Material provided:
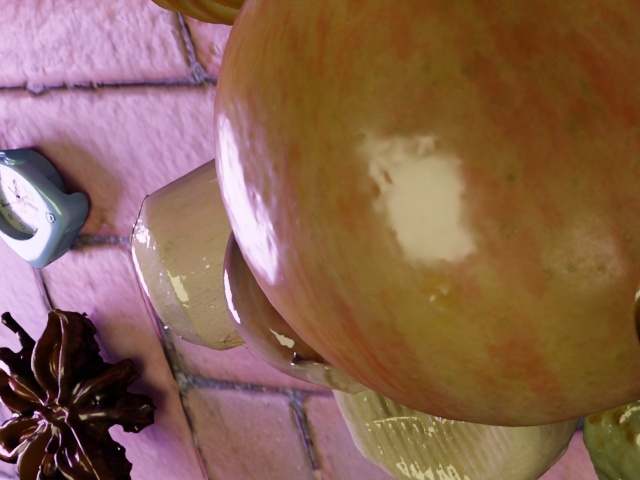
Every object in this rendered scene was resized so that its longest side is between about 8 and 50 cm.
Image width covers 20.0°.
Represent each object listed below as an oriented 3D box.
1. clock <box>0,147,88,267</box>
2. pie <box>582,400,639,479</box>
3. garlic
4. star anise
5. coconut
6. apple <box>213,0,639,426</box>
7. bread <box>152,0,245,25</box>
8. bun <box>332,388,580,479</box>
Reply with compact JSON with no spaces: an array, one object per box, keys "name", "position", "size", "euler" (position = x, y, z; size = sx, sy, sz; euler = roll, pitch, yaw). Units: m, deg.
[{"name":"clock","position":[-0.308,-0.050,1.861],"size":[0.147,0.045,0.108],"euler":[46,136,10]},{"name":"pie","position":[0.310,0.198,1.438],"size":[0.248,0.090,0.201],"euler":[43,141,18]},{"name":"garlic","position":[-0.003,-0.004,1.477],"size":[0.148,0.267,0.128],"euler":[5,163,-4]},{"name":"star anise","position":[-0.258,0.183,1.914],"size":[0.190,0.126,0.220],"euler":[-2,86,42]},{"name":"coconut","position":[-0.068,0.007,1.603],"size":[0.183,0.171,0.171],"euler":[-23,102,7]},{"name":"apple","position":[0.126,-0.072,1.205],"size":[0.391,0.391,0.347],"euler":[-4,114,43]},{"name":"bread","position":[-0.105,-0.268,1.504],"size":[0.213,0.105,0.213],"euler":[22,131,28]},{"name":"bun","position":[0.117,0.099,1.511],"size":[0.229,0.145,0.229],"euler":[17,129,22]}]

==

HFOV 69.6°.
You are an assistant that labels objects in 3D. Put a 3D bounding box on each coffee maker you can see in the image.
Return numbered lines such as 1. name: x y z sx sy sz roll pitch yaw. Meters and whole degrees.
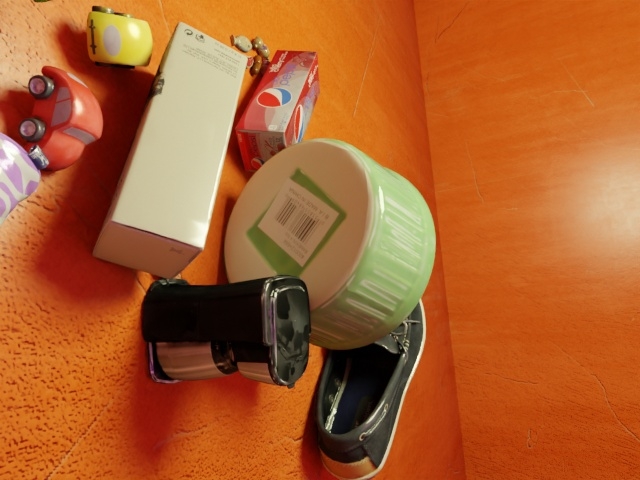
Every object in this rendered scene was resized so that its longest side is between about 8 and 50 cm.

What you need to do: In the entries above, the lines from the one bearing "6. apple <box>213,0,639,426</box>" up to and including the one bearing "8. bun <box>332,388,580,479</box>" should be transcribed exactly; no other line is wanted.

Solution for this exercise:
6. apple <box>213,0,639,426</box>
7. bread <box>152,0,245,25</box>
8. bun <box>332,388,580,479</box>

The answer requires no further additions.